How many lines within the records include the word "track"? Only that number should be given.

Data items

----

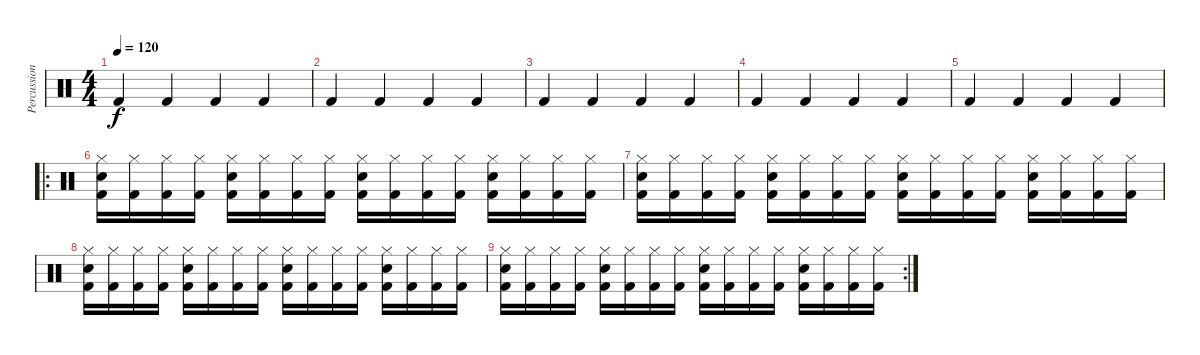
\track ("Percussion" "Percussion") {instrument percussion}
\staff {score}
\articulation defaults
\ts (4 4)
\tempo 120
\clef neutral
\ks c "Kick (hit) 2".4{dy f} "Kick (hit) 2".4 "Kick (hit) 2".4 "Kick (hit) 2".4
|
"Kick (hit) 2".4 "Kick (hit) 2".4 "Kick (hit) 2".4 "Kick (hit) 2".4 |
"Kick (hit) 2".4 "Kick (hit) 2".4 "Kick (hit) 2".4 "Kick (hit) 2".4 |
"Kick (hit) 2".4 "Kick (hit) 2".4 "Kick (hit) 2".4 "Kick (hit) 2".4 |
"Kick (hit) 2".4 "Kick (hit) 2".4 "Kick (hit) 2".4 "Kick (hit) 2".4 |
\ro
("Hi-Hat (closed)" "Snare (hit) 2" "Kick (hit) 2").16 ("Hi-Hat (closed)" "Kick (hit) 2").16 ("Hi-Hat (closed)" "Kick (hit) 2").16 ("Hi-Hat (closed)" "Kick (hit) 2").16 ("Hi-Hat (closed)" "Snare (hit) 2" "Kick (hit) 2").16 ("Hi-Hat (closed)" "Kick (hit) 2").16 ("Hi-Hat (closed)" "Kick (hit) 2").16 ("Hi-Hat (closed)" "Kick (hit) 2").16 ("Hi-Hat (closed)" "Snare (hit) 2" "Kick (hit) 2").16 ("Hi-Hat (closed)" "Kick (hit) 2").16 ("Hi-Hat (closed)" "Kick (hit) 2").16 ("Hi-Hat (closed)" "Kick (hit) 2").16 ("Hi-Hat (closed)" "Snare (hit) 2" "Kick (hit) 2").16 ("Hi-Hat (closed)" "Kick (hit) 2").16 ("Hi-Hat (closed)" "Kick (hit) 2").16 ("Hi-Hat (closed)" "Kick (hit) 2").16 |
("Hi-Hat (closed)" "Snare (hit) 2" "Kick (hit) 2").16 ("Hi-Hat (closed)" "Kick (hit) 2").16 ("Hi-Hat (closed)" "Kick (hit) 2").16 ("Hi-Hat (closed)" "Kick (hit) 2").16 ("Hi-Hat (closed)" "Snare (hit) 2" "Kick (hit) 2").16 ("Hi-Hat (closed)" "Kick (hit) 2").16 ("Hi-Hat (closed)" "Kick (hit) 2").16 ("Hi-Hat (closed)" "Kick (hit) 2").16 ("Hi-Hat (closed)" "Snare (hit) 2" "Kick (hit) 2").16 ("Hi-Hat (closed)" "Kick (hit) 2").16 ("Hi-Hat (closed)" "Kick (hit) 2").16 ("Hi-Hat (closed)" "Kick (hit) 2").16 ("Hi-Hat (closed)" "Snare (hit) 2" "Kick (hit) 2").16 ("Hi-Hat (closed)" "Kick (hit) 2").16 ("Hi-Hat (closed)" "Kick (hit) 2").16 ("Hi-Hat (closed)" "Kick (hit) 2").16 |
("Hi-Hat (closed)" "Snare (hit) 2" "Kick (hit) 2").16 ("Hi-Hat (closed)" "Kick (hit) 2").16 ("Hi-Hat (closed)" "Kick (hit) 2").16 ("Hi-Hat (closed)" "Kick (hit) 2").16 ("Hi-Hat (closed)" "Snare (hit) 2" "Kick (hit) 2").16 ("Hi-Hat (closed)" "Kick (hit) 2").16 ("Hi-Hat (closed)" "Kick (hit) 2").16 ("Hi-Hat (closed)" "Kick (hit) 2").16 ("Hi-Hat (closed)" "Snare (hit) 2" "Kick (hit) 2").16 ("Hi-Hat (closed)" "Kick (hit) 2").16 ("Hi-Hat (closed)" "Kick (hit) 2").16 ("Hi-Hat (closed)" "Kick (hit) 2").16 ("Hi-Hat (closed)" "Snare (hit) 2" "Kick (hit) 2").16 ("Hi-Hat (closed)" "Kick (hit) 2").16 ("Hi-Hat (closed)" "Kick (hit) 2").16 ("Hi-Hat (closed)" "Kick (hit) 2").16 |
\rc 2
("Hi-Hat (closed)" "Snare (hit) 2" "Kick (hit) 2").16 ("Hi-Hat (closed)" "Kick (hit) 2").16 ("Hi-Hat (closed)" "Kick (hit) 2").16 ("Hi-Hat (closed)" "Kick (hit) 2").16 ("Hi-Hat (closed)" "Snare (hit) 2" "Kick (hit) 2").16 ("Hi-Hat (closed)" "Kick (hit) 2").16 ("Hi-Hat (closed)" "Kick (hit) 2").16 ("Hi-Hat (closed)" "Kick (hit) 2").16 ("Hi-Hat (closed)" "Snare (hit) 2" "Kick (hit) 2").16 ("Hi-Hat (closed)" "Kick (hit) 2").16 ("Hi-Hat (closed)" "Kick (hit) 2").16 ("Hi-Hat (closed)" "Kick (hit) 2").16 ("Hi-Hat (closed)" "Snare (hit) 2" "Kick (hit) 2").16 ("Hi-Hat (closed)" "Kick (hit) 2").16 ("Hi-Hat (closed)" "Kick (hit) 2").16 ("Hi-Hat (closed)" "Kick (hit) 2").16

----

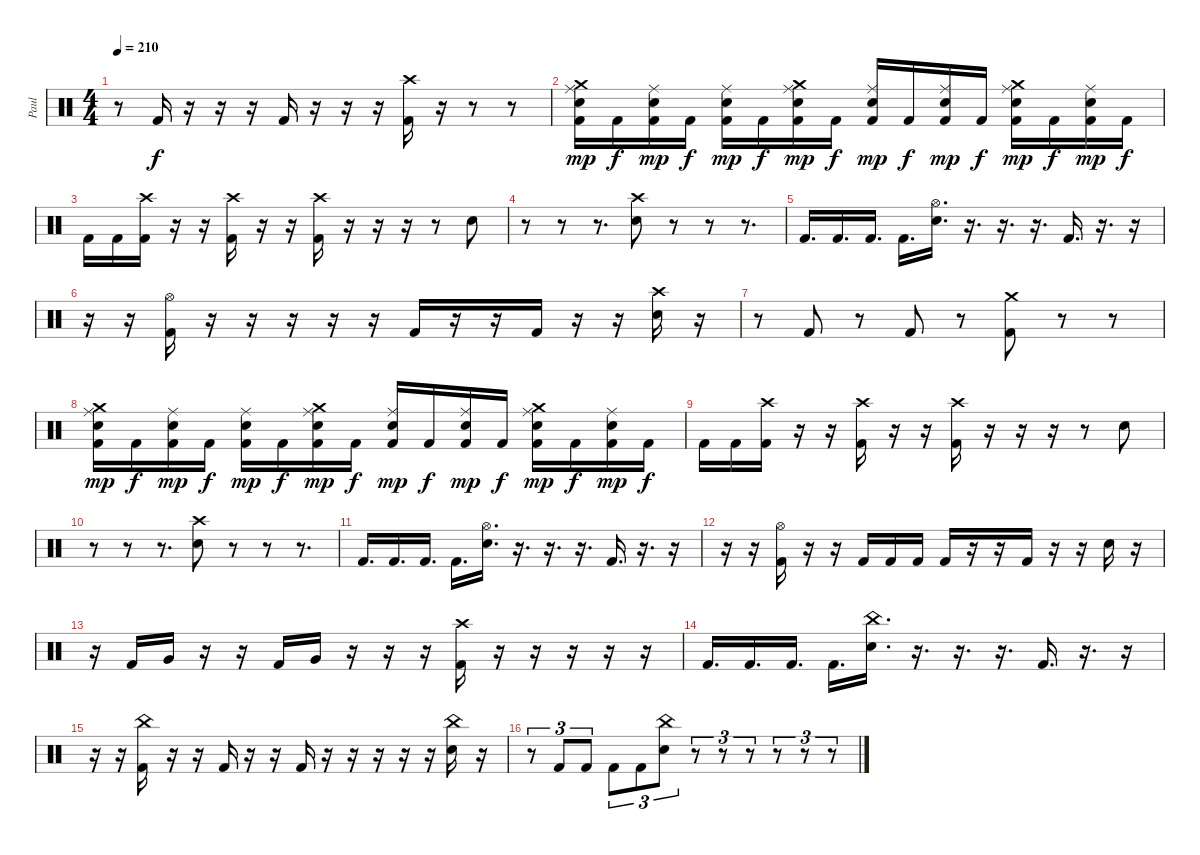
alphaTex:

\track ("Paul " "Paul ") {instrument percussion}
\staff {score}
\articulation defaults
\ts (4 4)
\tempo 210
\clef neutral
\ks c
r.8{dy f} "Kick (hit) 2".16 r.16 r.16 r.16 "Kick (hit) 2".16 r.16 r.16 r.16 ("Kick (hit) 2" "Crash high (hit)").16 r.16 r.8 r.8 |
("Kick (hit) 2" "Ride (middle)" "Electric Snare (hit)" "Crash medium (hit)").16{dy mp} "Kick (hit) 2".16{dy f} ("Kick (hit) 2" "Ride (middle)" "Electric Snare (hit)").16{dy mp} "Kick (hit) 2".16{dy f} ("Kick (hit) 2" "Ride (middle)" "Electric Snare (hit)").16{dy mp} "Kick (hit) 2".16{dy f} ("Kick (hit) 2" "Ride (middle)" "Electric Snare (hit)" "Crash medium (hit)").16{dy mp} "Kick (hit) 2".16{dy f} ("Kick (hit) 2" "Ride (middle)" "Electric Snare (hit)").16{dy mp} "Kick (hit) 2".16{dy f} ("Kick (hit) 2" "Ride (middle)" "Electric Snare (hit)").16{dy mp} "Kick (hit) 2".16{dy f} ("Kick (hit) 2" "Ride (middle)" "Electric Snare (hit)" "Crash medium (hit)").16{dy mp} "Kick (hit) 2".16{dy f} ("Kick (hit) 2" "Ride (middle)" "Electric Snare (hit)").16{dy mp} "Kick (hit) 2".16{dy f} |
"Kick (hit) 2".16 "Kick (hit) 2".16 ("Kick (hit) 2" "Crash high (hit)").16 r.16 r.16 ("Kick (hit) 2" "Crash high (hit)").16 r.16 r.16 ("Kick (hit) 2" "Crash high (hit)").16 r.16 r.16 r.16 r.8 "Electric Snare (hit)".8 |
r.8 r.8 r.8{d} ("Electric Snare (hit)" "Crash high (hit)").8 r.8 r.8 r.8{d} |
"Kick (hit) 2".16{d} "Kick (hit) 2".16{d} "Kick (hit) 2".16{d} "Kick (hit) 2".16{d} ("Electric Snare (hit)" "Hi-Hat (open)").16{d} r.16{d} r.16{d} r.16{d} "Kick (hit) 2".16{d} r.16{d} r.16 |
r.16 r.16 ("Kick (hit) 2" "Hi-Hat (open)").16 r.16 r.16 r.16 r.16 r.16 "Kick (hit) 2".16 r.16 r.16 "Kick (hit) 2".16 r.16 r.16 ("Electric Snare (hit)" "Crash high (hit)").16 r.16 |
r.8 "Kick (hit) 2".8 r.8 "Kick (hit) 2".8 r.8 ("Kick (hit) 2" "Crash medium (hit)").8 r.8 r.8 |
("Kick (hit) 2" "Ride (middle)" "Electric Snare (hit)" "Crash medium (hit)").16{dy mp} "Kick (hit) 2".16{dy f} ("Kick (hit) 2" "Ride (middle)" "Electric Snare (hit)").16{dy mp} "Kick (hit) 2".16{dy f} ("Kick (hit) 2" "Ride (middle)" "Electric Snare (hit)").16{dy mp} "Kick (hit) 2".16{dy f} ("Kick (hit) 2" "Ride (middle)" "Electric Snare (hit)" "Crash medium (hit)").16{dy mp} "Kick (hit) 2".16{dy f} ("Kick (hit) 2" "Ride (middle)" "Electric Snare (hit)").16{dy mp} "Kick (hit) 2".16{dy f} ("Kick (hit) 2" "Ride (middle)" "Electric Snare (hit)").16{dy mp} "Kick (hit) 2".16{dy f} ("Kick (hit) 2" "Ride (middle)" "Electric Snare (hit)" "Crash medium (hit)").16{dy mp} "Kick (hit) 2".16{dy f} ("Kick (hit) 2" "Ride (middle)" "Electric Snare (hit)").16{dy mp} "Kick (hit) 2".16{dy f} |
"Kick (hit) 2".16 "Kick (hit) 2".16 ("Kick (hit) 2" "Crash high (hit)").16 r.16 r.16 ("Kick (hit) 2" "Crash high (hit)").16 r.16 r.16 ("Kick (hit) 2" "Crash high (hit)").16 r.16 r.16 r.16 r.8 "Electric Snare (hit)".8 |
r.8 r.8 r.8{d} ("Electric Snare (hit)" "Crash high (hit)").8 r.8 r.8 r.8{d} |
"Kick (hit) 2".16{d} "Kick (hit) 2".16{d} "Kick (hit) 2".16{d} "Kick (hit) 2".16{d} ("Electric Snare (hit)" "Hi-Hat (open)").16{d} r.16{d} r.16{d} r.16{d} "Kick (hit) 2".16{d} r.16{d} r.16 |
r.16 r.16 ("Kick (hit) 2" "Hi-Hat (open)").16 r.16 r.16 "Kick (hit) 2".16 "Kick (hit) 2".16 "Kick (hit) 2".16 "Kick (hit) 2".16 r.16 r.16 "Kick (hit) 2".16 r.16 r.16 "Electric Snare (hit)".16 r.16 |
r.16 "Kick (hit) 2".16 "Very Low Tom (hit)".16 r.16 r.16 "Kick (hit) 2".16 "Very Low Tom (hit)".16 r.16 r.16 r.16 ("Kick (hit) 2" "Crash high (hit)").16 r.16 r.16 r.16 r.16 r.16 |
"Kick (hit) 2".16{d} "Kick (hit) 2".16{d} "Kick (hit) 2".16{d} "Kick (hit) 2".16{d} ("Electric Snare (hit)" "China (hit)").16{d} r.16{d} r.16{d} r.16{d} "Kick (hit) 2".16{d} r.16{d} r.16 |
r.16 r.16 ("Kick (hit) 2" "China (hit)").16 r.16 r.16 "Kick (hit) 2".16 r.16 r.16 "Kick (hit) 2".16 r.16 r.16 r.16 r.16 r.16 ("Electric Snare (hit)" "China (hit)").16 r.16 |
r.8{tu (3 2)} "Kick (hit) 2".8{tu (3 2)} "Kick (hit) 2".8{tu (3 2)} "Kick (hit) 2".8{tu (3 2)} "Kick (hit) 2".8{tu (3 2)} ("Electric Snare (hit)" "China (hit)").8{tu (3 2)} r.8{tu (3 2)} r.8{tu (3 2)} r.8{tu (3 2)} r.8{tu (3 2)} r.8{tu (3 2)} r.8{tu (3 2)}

----

[Answer below]: 2